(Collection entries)
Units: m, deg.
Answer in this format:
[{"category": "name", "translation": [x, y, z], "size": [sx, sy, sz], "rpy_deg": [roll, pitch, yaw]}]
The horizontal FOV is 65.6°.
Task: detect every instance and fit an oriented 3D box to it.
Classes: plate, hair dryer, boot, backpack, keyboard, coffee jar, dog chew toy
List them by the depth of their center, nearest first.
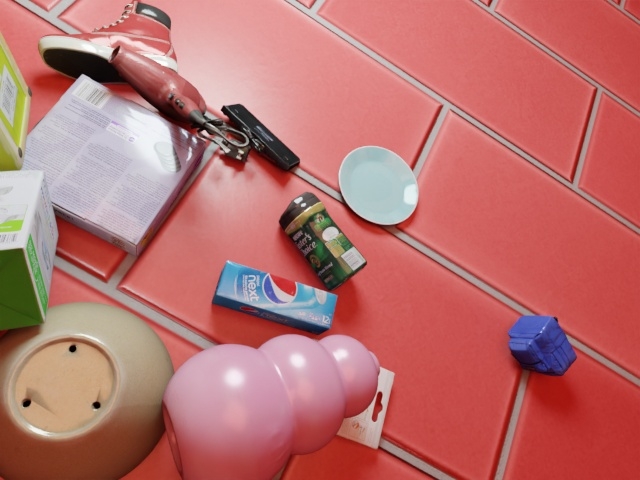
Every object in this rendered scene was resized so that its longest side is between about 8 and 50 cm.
[{"category": "dog chew toy", "translation": [-0.057, 0.237, 0.746], "size": [0.332, 0.206, 0.206], "rpy_deg": [-12, 75, -26]}, {"category": "hair dryer", "translation": [-0.241, -0.254, 0.892], "size": [0.294, 0.223, 0.080], "rpy_deg": [32, 87, -4]}, {"category": "coffee jar", "translation": [0.000, 0.000, 0.948], "size": [0.079, 0.096, 0.184], "rpy_deg": [-34, 84, -30]}, {"category": "boot", "translation": [-0.408, -0.398, 0.959], "size": [0.245, 0.088, 0.176], "rpy_deg": [-3, 71, -29]}, {"category": "keyboard", "translation": [-0.124, -0.207, 1.001], "size": [0.180, 0.023, 0.108], "rpy_deg": [42, 25, 0]}, {"category": "backpack", "translation": [0.455, 0.227, 1.029], "size": [0.101, 0.098, 0.120], "rpy_deg": [-42, 101, -18]}, {"category": "plate", "translation": [0.124, -0.117, 1.077], "size": [0.188, 0.024, 0.188], "rpy_deg": [7, 69, -18]}]

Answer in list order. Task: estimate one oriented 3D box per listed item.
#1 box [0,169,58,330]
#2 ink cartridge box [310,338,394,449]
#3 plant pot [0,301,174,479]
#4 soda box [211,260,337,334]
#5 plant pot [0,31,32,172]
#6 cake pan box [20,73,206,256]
[{"category": "box", "translation": [-0.503, 0.011, 0.645], "size": [0.262, 0.126, 0.231], "rpy_deg": [-8, 33, -20]}, {"category": "ink cartridge box", "translation": [0.036, 0.276, 0.895], "size": [0.179, 0.045, 0.145], "rpy_deg": [27, 63, -18]}, {"category": "plant pot", "translation": [-0.344, 0.210, 0.693], "size": [0.284, 0.191, 0.283], "rpy_deg": [7, 69, -18]}, {"category": "soda box", "translation": [-0.082, 0.106, 0.892], "size": [0.210, 0.071, 0.067], "rpy_deg": [18, 66, -12]}, {"category": "plant pot", "translation": [-0.561, -0.207, 0.719], "size": [0.207, 0.227, 0.228], "rpy_deg": [-6, 61, -12]}, {"category": "cake pan box", "translation": [-0.380, -0.138, 0.880], "size": [0.267, 0.070, 0.245], "rpy_deg": [28, 62, -8]}]

## PROMPT:
Every entry above is to be transcribed exactly, with all pictures left out.

## EXERCISE RESULT:
Units: m, deg.
Answer in this format:
[{"category": "name", "translation": [x, y, z], "size": [sx, sy, sz], "rpy_deg": [roll, pitch, yaw]}]
The horizontal FOV is 65.6°.
Task: detect every instance and fit an oriented 3D box to it.
Classes: plate, hair dryer, boot, backpack, keyboard, coffee jar, dog chew toy
List them by the depth of their center, nearest first.
Every object in this rendered scene was resized so that its longest side is between about 8 and 50 cm.
[{"category": "dog chew toy", "translation": [-0.057, 0.237, 0.746], "size": [0.332, 0.206, 0.206], "rpy_deg": [-12, 75, -26]}, {"category": "hair dryer", "translation": [-0.241, -0.254, 0.892], "size": [0.294, 0.223, 0.080], "rpy_deg": [32, 87, -4]}, {"category": "coffee jar", "translation": [0.000, 0.000, 0.948], "size": [0.079, 0.096, 0.184], "rpy_deg": [-34, 84, -30]}, {"category": "boot", "translation": [-0.408, -0.398, 0.959], "size": [0.245, 0.088, 0.176], "rpy_deg": [-3, 71, -29]}, {"category": "keyboard", "translation": [-0.124, -0.207, 1.001], "size": [0.180, 0.023, 0.108], "rpy_deg": [42, 25, 0]}, {"category": "backpack", "translation": [0.455, 0.227, 1.029], "size": [0.101, 0.098, 0.120], "rpy_deg": [-42, 101, -18]}, {"category": "plate", "translation": [0.124, -0.117, 1.077], "size": [0.188, 0.024, 0.188], "rpy_deg": [7, 69, -18]}]

Answer in list order. Task: estimate one oriented 3D box per listed item.
#1 box [0,169,58,330]
#2 ink cartridge box [310,338,394,449]
#3 plant pot [0,301,174,479]
#4 soda box [211,260,337,334]
#5 plant pot [0,31,32,172]
#6 cake pan box [20,73,206,256]
[{"category": "box", "translation": [-0.503, 0.011, 0.645], "size": [0.262, 0.126, 0.231], "rpy_deg": [-8, 33, -20]}, {"category": "ink cartridge box", "translation": [0.036, 0.276, 0.895], "size": [0.179, 0.045, 0.145], "rpy_deg": [27, 63, -18]}, {"category": "plant pot", "translation": [-0.344, 0.210, 0.693], "size": [0.284, 0.191, 0.283], "rpy_deg": [7, 69, -18]}, {"category": "soda box", "translation": [-0.082, 0.106, 0.892], "size": [0.210, 0.071, 0.067], "rpy_deg": [18, 66, -12]}, {"category": "plant pot", "translation": [-0.561, -0.207, 0.719], "size": [0.207, 0.227, 0.228], "rpy_deg": [-6, 61, -12]}, {"category": "cake pan box", "translation": [-0.380, -0.138, 0.880], "size": [0.267, 0.070, 0.245], "rpy_deg": [28, 62, -8]}]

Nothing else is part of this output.